Ok, try this on for size.  The application is the integral software portion of a dedicated NT system which has one purpose, running the application and doing what the application does.  One of the most important aspects of the application is being able to load and view up to, and most often, 36 14MB size images.  The images don't always come in from files and often come in via the driver for custom PCI or Firewire hardware.  This hardware is very application specific not a general purpose board sold for other purposes.

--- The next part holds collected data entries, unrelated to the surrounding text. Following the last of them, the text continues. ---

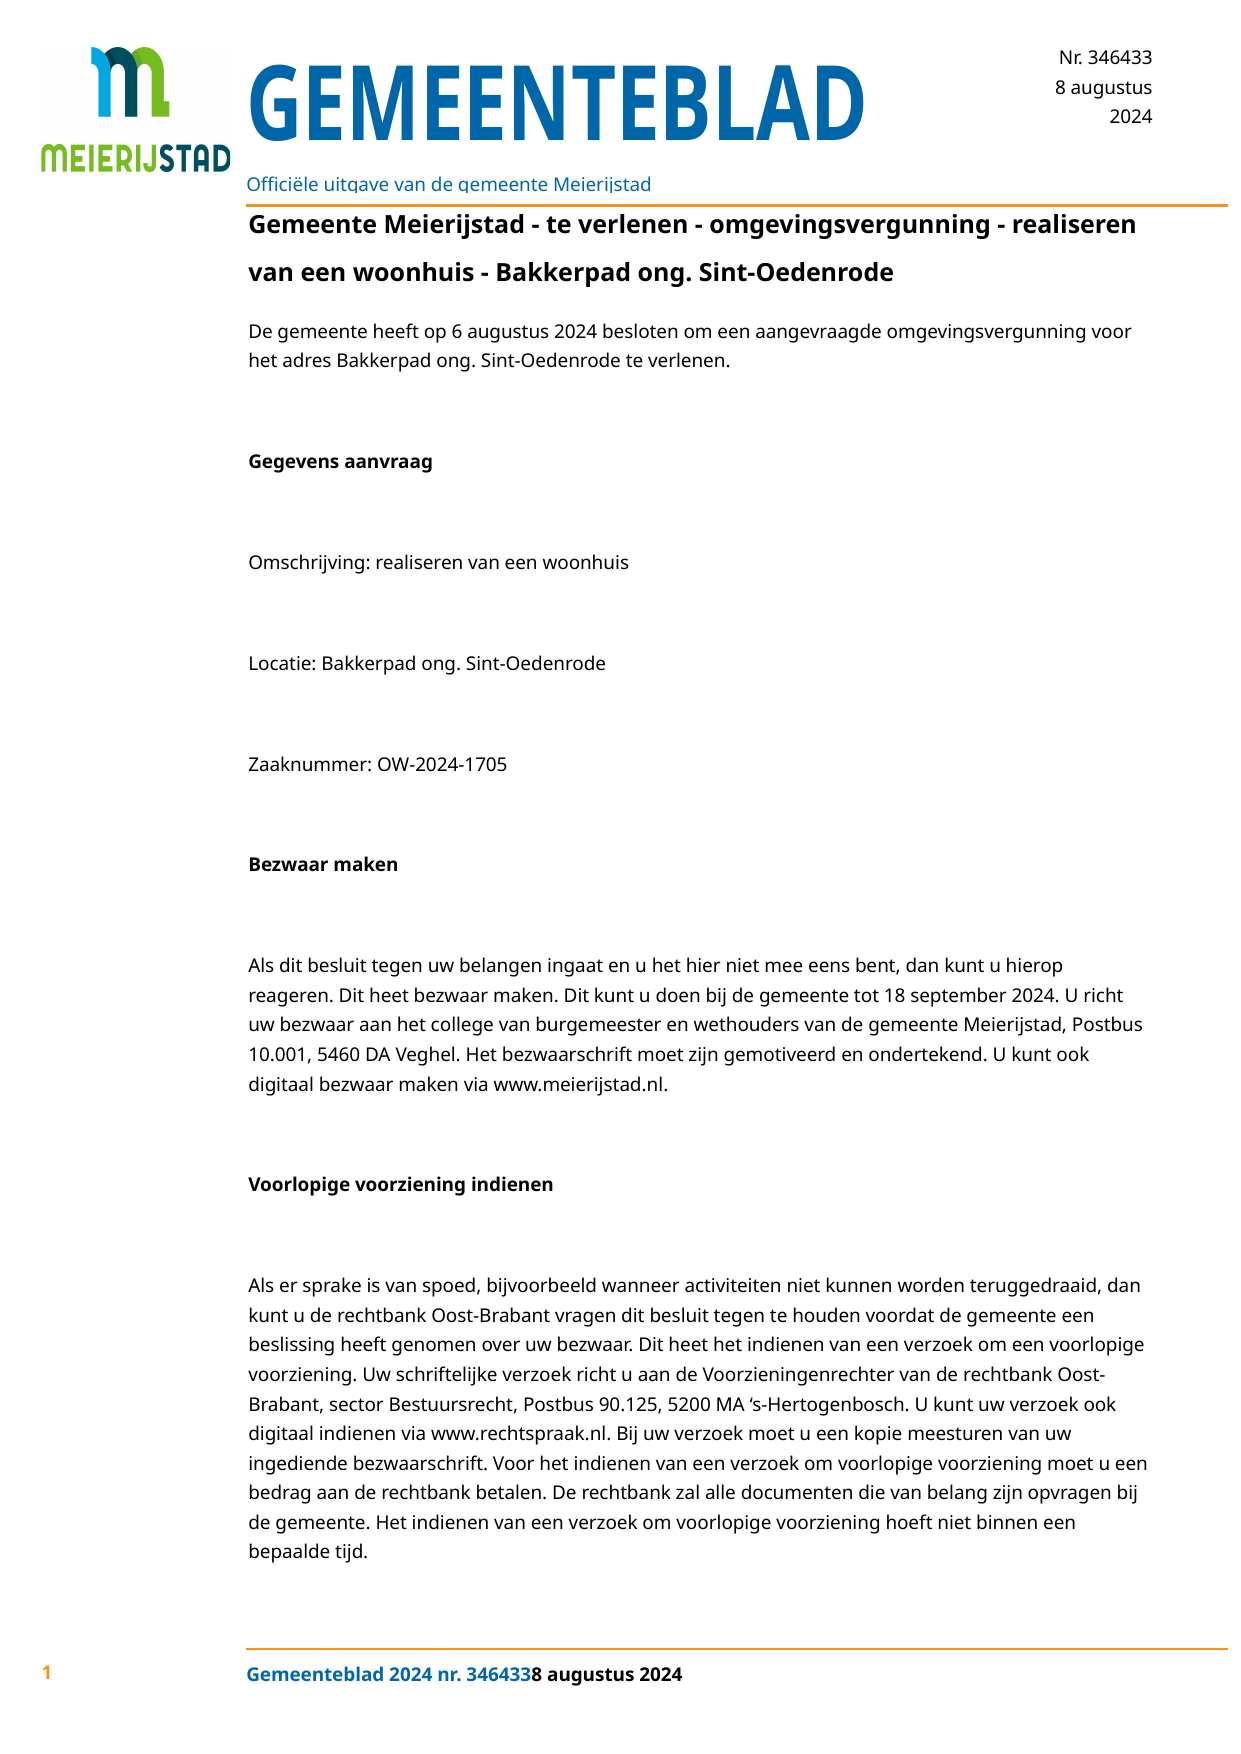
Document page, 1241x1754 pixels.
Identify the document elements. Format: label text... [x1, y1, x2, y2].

picture [41, 47, 231, 172]
text Gemeente Meierijstad - te verlenen - omgevingsvergunning - realiseren van een woonhuis - Bakkerpad ong. Sint-Oedenrode [248, 207, 1152, 288]
text Omschrijving: realiseren van een woonhuis [248, 549, 1152, 575]
text Als dit besluit tegen uw belangen ingaat en u het hier niet mee eens bent, dan kunt u hierop reageren. Dit heet bezwaar maken. Dit kunt u doen bij de gemeente tot 18 september 2024. U richt uw bezwaar aan het college van burgemeester en wethouders van de gemeente Meierijstad, Postbus 10.001, 5460 DA Veghel. Het bezwaarschrift moet zijn gemotiveerd en ondertekend. U kunt ook digitaal bezwaar maken via www.meierijstad.nl. [248, 952, 1152, 1097]
text De gemeente heeft op 6 augustus 2024 besloten om een aangevraagde omgevingsvergunning voor het adres Bakkerpad ong. Sint-Oedenrode te verlenen. [248, 318, 1152, 373]
text Bezwaar maken [248, 852, 1152, 877]
text Voorlopige voorziening indienen [248, 1172, 1152, 1197]
text Gegevens aanvraag [248, 448, 1152, 474]
text Als er sprake is van spoed, bijvoorbeeld wanneer activiteiten niet kunnen worden teruggedraaid, dan kunt u de rechtbank Oost-Brabant vragen dit besluit tegen te houden voordat de gemeente een beslissing heeft genomen over uw bezwaar. Dit heet het indienen van een verzoek om een voorlopige voorziening. Uw schriftelijke verzoek richt u aan de Voorzieningenrechter van de rechtbank Oost-Brabant, sector Bestuursrecht, Postbus 90.125, 5200 MA ‘s-Hertogenbosch. U kunt uw verzoek ook digitaal indienen via www.rechtspraak.nl. Bij uw verzoek moet u een kopie meesturen van uw ingediende bezwaarschrift. Voor het indienen van een verzoek om voorlopige voorziening moet u een bedrag aan de rechtbank betalen. De rechtbank zal alle documenten die van belang zijn opvragen bij de gemeente. Het indienen van een verzoek om voorlopige voorziening hoeft niet binnen een bepaalde tijd. [248, 1272, 1152, 1564]
text Locatie: Bakkerpad ong. Sint-Oedenrode [248, 650, 1152, 676]
text Zaaknummer: OW-2024-1705 [248, 751, 1152, 777]

Each image gets tiled as a thumbnail in a proof sheet window.  The thumbnail size can be changed to be any one of five sizes.  When the user clicks on any one of the thumbnail images, we want to display a portion of the 14MB image in a view window.  We don't want the user to wait to view while the images load from or to a file.  Keep in mind that the user will 90 % of the time be viewing most or all of the images in rapid succession.  The viewing may occur in order or out of order.  Specific routines to process the images will be happening concurrently.

Put another way, the images come in rapid fire from hardware.  They are displayed as thumbnails.  The user will immediately view one or more images in quick succession.  Concurrent threads will run algorithyms on each image.  Some of the images will get saved to disk.  Saving of images to disk should run most of the time as a background operation so as to minimally impede the workflow of viewing and applying algorythyms to the images.

Still think I shouldn't lock the memory?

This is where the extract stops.